La baie d’épines, par Elzbieta (+ vidéo)

Tandis que les adultes spéculent sur les causes économiques, sociales ou politiques des guerres, tandis qu’ils en justifient ou en accusent les acteurs, qu’ils en analysent les évènements, en jugent ou dissimulent les crimes, sans pour autant jamais parvenir à en empêcher le retour, les enfants, eux, ruminent, le plus souvent secrètement, l’énigme véritable de cette malédiction.

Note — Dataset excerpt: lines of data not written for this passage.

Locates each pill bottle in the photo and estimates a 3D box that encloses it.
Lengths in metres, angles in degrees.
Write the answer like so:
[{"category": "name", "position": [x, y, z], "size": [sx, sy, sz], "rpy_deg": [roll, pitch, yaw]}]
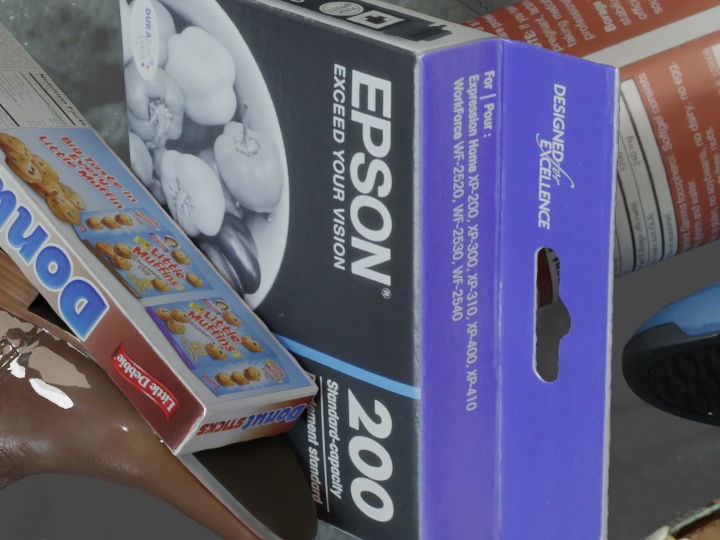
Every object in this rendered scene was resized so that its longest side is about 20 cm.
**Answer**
[{"category": "pill bottle", "position": [0.079, -0.050, 1.091], "size": [0.199, 0.112, 0.113], "rpy_deg": [-20, 71, -3]}]

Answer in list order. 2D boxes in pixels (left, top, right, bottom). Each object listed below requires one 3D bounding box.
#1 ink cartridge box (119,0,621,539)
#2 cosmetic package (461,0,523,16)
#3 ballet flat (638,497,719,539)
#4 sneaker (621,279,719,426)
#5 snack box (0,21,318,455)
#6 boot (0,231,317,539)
[{"category": "ink cartridge box", "position": [0.000, 0.000, 1.009], "size": [0.199, 0.199, 0.043], "rpy_deg": [20, 33, 37]}, {"category": "cosmetic package", "position": [0.007, -0.184, 1.121], "size": [0.200, 0.151, 0.052], "rpy_deg": [37, 75, 14]}, {"category": "ballet flat", "position": [0.143, 0.107, 1.056], "size": [0.199, 0.071, 0.069], "rpy_deg": [-31, 66, -7]}, {"category": "sneaker", "position": [0.195, 0.004, 1.084], "size": [0.199, 0.066, 0.079], "rpy_deg": [-15, 49, 20]}, {"category": "snack box", "position": [-0.100, -0.018, 1.014], "size": [0.200, 0.072, 0.024], "rpy_deg": [48, 115, 20]}, {"category": "boot", "position": [-0.136, 0.093, 1.051], "size": [0.186, 0.064, 0.200], "rpy_deg": [43, 114, 6]}]
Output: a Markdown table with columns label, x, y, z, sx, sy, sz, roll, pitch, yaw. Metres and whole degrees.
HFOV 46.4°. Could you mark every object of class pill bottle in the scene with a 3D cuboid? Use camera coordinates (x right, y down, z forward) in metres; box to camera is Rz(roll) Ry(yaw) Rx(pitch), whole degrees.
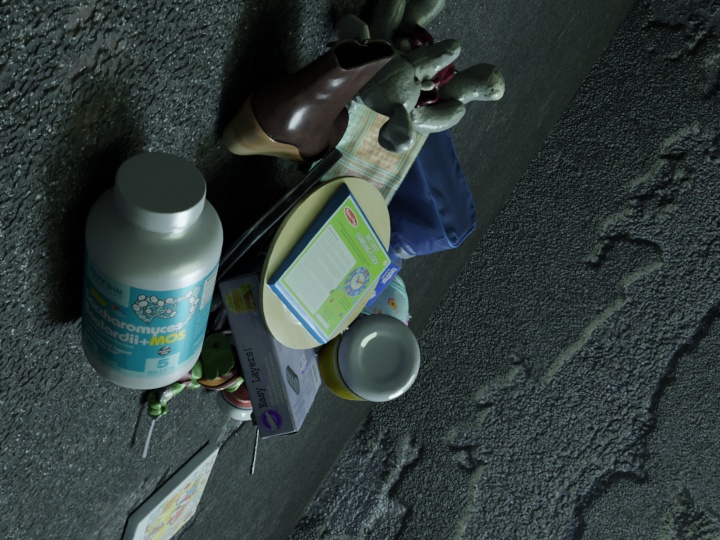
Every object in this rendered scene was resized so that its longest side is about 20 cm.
| label | x | y | z | sx | sy | sz | roll | pitch | yaw |
| --- | --- | --- | --- | --- | --- | --- | --- | --- | --- |
| pill bottle | -0.176 | 0.000 | 0.706 | 0.111 | 0.110 | 0.201 | -45 | 162 | -44 |
| pill bottle | 0.002 | 0.122 | 1.159 | 0.113 | 0.112 | 0.200 | -53 | -172 | -15 |

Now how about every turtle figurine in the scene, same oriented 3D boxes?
| label | x | y | z | sx | sy | sz | roll | pitch | yaw |
| --- | --- | --- | --- | --- | --- | --- | --- | --- | --- |
| turtle figurine | -0.181 | 0.156 | 1.002 | 0.201 | 0.143 | 0.194 | -57 | 163 | -15 |

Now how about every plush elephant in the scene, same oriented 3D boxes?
| label | x | y | z | sx | sy | sz | roll | pitch | yaw |
| --- | --- | --- | --- | --- | --- | --- | --- | --- | --- |
| plush elephant | 0.051 | -0.218 | 0.917 | 0.198 | 0.166 | 0.155 | -28 | -167 | 6 |

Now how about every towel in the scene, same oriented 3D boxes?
| label | x | y | z | sx | sy | sz | roll | pitch | yaw |
| --- | --- | --- | --- | --- | --- | --- | --- | --- | --- |
| towel | 0.028 | -0.185 | 1.051 | 0.145 | 0.022 | 0.202 | 18 | 110 | -34 |

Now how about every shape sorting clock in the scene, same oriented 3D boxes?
| label | x | y | z | sx | sy | sz | roll | pitch | yaw |
| --- | --- | --- | --- | --- | --- | --- | --- | --- | --- |
| shape sorting clock | -0.037 | -0.008 | 0.925 | 0.199 | 0.039 | 0.202 | -29 | 135 | -34 |

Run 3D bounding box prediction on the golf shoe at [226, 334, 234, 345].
| label | x | y | z | sx | sy | sz | roll | pitch | yaw |
| --- | --- | --- | --- | --- | --- | --- | --- | --- | --- |
| golf shoe | -0.126 | 0.046 | 1.138 | 0.200 | 0.092 | 0.073 | -41 | -158 | 1 |

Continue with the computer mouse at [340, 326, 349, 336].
| label | x | y | z | sx | sy | sz | roll | pitch | yaw |
| --- | --- | --- | --- | --- | --- | --- | --- | --- | --- |
| computer mouse | 0.000 | 0.000 | 1.070 | 0.200 | 0.045 | 0.143 | -59 | 155 | -63 |

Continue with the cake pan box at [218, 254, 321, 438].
| label | x | y | z | sx | sy | sz | roll | pitch | yaw |
| --- | --- | --- | --- | --- | --- | --- | --- | --- | --- |
| cake pan box | -0.101 | 0.078 | 1.005 | 0.200 | 0.051 | 0.187 | -63 | 141 | -78 |

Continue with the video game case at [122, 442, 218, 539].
| label | x | y | z | sx | sy | sz | roll | pitch | yaw |
| --- | --- | --- | --- | --- | --- | --- | --- | --- | --- |
| video game case | -0.313 | 0.392 | 1.346 | 0.200 | 0.023 | 0.183 | -41 | 160 | -53 |

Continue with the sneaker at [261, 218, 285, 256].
| label | x | y | z | sx | sy | sz | roll | pitch | yaw |
| --- | --- | --- | --- | --- | --- | --- | --- | --- | --- |
| sneaker | -0.059 | -0.040 | 1.028 | 0.071 | 0.080 | 0.200 | -45 | -175 | 19 |

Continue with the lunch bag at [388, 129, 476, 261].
| label | x | y | z | sx | sy | sz | roll | pitch | yaw |
| --- | --- | --- | --- | --- | --- | --- | --- | --- | --- |
| lunch bag | 0.065 | -0.120 | 1.198 | 0.131 | 0.203 | 0.136 | -14 | -169 | 31 |

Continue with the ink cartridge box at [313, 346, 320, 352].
| label | x | y | z | sx | sy | sz | roll | pitch | yaw |
| --- | --- | --- | --- | --- | --- | --- | --- | --- | --- |
| ink cartridge box | -0.061 | 0.059 | 1.224 | 0.200 | 0.043 | 0.199 | -49 | -168 | 34 |

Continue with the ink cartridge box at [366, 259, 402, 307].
| label | x | y | z | sx | sy | sz | roll | pitch | yaw |
| --- | --- | --- | --- | --- | --- | --- | --- | --- | --- |
| ink cartridge box | 0.028 | -0.044 | 1.327 | 0.094 | 0.044 | 0.201 | -51 | -162 | 34 |

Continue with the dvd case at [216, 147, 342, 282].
| label | x | y | z | sx | sy | sz | roll | pitch | yaw |
| --- | --- | --- | --- | --- | --- | --- | --- | --- | --- |
| dvd case | -0.108 | -0.046 | 0.918 | 0.149 | 0.016 | 0.200 | -48 | -173 | -36 |

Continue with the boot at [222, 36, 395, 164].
| label | x | y | z | sx | sy | sz | roll | pitch | yaw |
| --- | --- | --- | --- | --- | --- | --- | --- | --- | --- |
| boot | -0.025 | -0.168 | 0.823 | 0.165 | 0.073 | 0.199 | -27 | 179 | 35 |

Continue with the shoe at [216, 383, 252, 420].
| label | x | y | z | sx | sy | sz | roll | pitch | yaw |
| --- | --- | --- | --- | --- | --- | --- | --- | --- | --- |
| shoe | -0.151 | 0.152 | 1.284 | 0.092 | 0.071 | 0.200 | -62 | 172 | 17 |

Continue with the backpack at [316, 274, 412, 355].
| label | x | y | z | sx | sy | sz | roll | pitch | yaw |
| --- | --- | --- | --- | --- | --- | --- | --- | --- | --- |
| backpack | 0.000 | 0.072 | 1.431 | 0.201 | 0.173 | 0.155 | 97 | 12 | -65 |

Provisoirement libre de raisonnements idéologiques ou de nostalgies, l’enfant s’interroge sans détours trompeurs sur des vérités élémentaires : qu’est-ce que la guerre ? Quelle raison absurde, insupportable, plus forte que l’amour de leurs enfants, oblige les humains à accepter de tout perdre, y compris la vie ? Et puis, qu’est-ce que la cruauté ? Pourquoi tel groupe humain est-il choisi pour ennemi ? Pourquoi est-il décrété intrinsèquement mauvais ? Et s’il l’est, par quel miracle peut-il un jour, par sa défaite ou sa victoire, cesser de l’être ? 

Les enfants savent que les grandes personnes, pas plus qu’eux-mêmes, ne connaissent les réponses à ces questions, et ils pressentent l’arbitraire de la désignation des coupables ou des victimes même si, par loyauté, ils tentent d’ajuster leur pensée aux rationalisations ambigües des adultes en cherchant sur l’ennemi désigné les stigmates justifiant sa condamnation.
Basée sur mes propres expériences d’enfant dans la guerre, la séparation que raconte Flon-Flon et Musette ne doit pas être prise seulement pour l’expression d’une séparation purement physique et affective. La baie d’épines subitement dressée symbolise tout interdit arbitraire, tout système de tri infamant.